Pemberian mahar ini suatu alat magis yang bertujuan untuk melepaskan ikatan seorang gadis dari klan ayahnnya untuk bergabung dengan klan suaminya dengan
maksud agar tidak terjadi gangguan dalam kesinambungan. Inilah yang membuat setiap anggota masyarakat Equal dalam berlakunya adat tersebut dalam masyarakat
Batak Toba salah satunya dalam hal Sinamot. Berbicara tentang perkawinan syarat yang paling penting dalam
perkawinan adalah mas kawin. Demikian juga bagi suku Batak Toba mas kawin lebih dikenal dengan sebutan Sinamot. Pembicaraan tentang berapa besarnya
sinamot telah dibicarakan sebelum perkawinan berlangsung, kedua belah pihak berunding untuk bersepakat dengan pelaksanaan pesta perkawinan. Pertemuan ini
disebut dengan marhata sinamot membicarakan sinamot dan akan ada transaksi tawar menawar besarnya sinamot yang akan disepakati oleh kedua belah pihak.

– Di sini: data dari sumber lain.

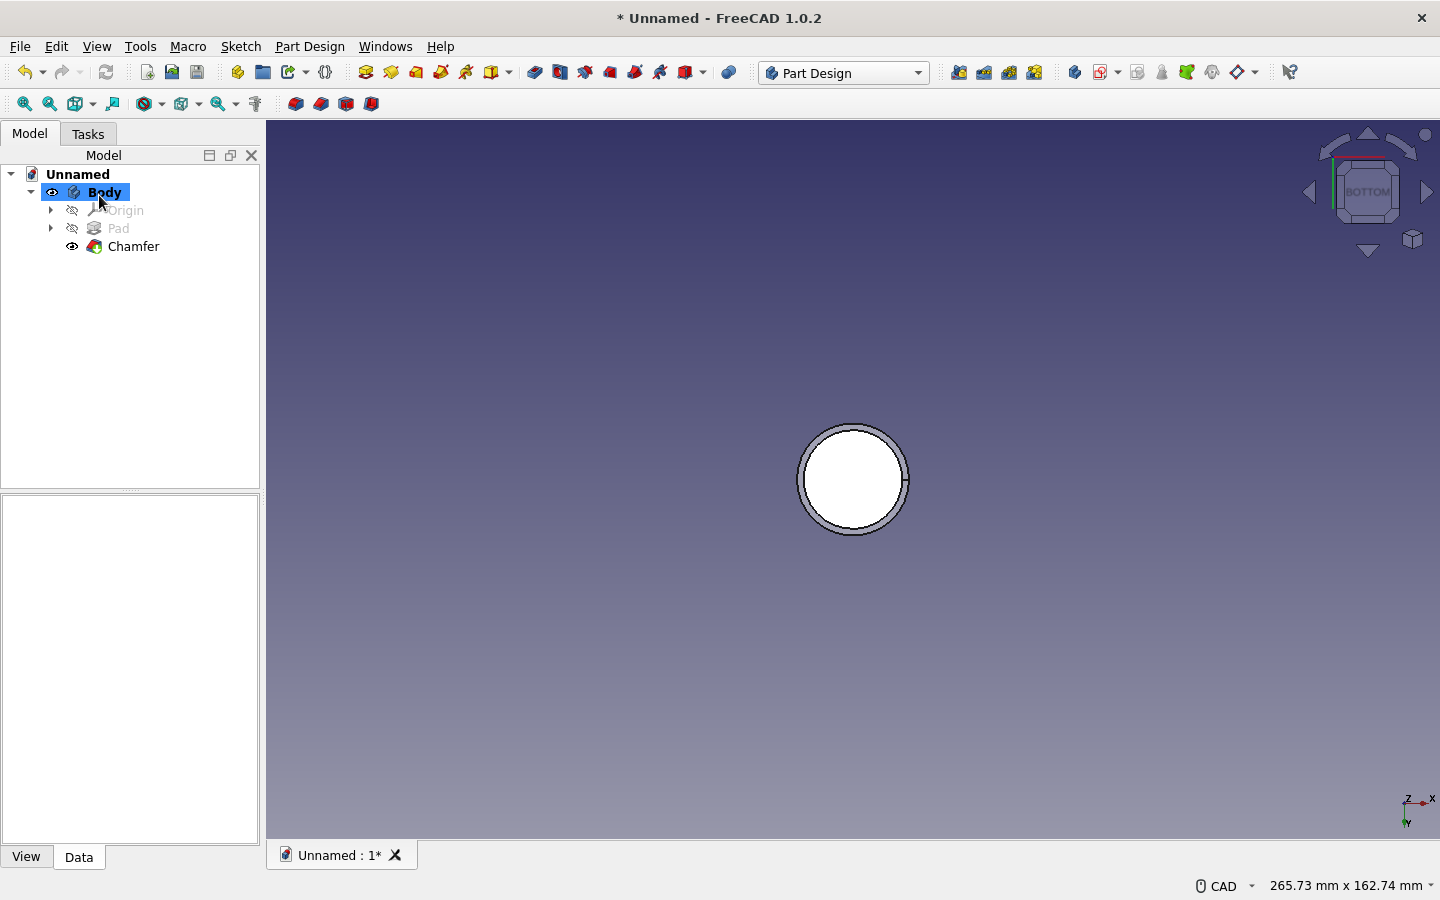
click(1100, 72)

Pada saat berlangsungnya perkawinan sinamot diserahkan secara penuh kepada pihak keluarga perempuan dan pada saat upacara perkawinan berlangsung sinamot
dibagi-bagikan kepada pihak kerabat yang berhak. Suhut bagian orang tua dari perempuan Ayah dan Ibu, Si jalo Bara saudara laki-laki ayah dari perempuan
Amang Tua, atau Amang Uda, Sijalo Todoan sudara laki-laki perempuan Abang atau Adik, Tulang ”upa Tulang”saudara laki-laki dari ibu mertua perempuan,
Pariban ”upa pariban” bagian saudara perempuan dari ibu mertua atau bibi dari
16
pempelai perempuan anak ni Namboru dari pihak perempuan, dan para undangan pihak perempuan parboru yang hadir walaupun jumlah uang yang dibagikan
sedikit hanya untuk sebagai bukti tuhor ni boru Mangaraja Siahaan, 2004. Hal ini sebagai wujud dari sistem kemasyarakatan Batak Toba yang
masing-masing mempunyai status dan peran. Ketiga unsur kemasyarakatan mendapatkan bagian dari sinamot, sebaliknya mereka akan melaksanakan perannya
pada upacara adat perkawinan. Filosofi Somba marhula-hula, Manat mardongan sabutuha, Elek marboru masih dijaga sampai sekarang. Somba marhula-hula
artinya Hula-hula adalah keluarga yang harus dihormati karena mempunyai anugerah untuk memberikan berkat kehidupan kepada keluarga Boru. Manat
mardongan tubu artinya harus berhati-hati dalam hubungan sesama satu marga karena hubungannya sangat sensitif. Dan jika ada perselisihan, hubungan satu
marga diharapkan selalu bersatu bagaikan memotong air yang tidak akan putus. Elek marboru artinya keluarga boru yang selalu hormat kepada hulahula,
sebaliknya hula-hula juga harus sayang dan memanjakan serta menuruti kemauan pihak boru. Hula-hula dihormati dan berwibawa karena sikap hormat kelompok
boru yang selalau menopang, memberikan bantuan ketika melakukan suatu kegiatan Mangaraja Siahaan, 2004. Pemberian Sinamot pada masyarakat suku Batak Toba
memiliki falsafah dan makna simbolik yang mendalam sesuai dengan sistem nilai yang diwariskan secara turun-temurun dan berfungsi pada masyarakatnya.